1. Price is important, but always explore total value.
What other perks does the printer offer? Free delivery? Marketing support? Design or other services? For example, 4over offers its customers access to free, downloadable white-label content (ranging from email blasts to promotional videos) to help its customers promote and sell more print.
2. Does their business delivery model provide speed to market?
Where is the online printer located? How many production facilities do they have? How fast are they turning your print jobs? The closer the production location(s) are to your facility or the customer’s, coupled with the provider’s turnaround times, the faster the product gets into your customer’s hands. Like real estate, it’s often about location, location, location.

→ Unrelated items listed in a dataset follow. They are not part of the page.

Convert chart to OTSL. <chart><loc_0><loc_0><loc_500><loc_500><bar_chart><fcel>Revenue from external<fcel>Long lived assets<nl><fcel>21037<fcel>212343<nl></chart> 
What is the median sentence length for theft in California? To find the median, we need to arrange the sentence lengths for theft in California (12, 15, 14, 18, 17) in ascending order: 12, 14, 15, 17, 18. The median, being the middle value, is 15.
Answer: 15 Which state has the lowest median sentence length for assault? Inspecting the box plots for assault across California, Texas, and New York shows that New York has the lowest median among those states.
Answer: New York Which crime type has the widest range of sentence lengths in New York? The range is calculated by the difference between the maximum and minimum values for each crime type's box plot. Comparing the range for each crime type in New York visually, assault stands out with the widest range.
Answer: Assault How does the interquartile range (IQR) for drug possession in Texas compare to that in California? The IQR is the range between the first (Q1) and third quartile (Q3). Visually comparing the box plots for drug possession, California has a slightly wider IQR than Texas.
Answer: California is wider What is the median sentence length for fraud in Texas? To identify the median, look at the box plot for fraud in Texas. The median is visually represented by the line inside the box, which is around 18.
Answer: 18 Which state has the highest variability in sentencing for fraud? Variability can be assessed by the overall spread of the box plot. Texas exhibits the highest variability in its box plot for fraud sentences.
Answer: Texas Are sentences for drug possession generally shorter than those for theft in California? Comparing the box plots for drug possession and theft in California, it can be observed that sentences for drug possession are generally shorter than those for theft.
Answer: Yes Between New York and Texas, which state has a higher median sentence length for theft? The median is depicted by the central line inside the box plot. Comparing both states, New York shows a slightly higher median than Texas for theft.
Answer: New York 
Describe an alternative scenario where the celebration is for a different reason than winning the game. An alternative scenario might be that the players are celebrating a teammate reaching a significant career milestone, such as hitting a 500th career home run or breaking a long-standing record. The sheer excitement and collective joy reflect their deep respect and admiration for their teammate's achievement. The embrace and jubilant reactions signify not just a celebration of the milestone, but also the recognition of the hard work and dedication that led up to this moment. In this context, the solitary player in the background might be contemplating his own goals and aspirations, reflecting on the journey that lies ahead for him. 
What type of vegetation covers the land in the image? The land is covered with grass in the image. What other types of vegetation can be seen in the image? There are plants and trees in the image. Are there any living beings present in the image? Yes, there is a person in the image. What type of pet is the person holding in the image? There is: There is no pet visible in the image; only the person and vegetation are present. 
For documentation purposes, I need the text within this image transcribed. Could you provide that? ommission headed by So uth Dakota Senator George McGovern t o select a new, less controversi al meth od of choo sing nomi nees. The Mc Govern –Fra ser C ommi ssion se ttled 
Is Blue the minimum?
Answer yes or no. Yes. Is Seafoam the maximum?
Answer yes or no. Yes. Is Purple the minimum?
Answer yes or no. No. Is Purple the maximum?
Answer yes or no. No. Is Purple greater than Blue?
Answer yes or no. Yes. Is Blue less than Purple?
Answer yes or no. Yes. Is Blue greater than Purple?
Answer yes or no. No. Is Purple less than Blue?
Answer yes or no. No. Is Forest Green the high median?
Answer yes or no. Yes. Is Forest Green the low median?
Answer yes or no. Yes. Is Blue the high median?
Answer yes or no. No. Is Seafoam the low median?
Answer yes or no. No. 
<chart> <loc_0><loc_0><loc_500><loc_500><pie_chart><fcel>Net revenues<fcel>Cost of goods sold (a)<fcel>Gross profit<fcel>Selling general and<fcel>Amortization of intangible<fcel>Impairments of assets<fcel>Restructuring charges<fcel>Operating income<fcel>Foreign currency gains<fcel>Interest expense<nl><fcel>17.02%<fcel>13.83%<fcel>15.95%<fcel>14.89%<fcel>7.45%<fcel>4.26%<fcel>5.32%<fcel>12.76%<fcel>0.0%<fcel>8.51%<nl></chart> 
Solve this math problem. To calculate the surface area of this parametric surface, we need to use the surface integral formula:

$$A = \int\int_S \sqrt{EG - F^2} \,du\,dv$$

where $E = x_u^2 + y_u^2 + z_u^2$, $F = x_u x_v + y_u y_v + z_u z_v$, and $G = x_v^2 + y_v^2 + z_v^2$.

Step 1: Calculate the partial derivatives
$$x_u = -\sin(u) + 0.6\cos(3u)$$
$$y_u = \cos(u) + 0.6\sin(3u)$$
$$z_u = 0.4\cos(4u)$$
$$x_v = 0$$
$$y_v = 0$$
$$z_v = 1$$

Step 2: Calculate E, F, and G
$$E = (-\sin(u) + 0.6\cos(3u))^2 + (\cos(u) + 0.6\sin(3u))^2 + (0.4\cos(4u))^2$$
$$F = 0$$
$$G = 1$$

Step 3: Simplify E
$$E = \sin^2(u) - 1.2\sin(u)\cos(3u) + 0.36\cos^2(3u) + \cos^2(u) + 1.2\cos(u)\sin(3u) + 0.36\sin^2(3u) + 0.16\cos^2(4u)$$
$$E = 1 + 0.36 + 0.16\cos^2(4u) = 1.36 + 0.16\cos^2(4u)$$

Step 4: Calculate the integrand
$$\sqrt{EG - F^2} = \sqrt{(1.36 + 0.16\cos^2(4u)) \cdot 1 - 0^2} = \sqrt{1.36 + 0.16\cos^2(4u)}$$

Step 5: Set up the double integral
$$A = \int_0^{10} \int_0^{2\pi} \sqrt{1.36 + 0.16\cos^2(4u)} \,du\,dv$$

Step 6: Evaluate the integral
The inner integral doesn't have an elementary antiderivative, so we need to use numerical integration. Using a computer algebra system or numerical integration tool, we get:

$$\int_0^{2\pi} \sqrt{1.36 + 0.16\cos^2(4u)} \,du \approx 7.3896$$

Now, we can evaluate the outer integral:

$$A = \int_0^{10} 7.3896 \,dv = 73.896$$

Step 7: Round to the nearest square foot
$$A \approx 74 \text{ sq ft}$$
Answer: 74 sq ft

3. Do they offer free delivery services?
Most printers charge for delivery of the printed products. Others, including 4Over, leverage their distributed print network to deliver for free.
4. What is the ease of use of the online ordering system?
The online user experience should be simple, informative, and offer file upload and management tools that ensure the print output matches the customer expectation.
5. What is their equipment distribution?
Do all facilities have the same equipment and production capabilities? Or does it vary from facility to facility? Just because an online printer offers certain production capabilities on its website doesn’t mean that that those capabilities are available at the production facility closest to you. Be sure to ask.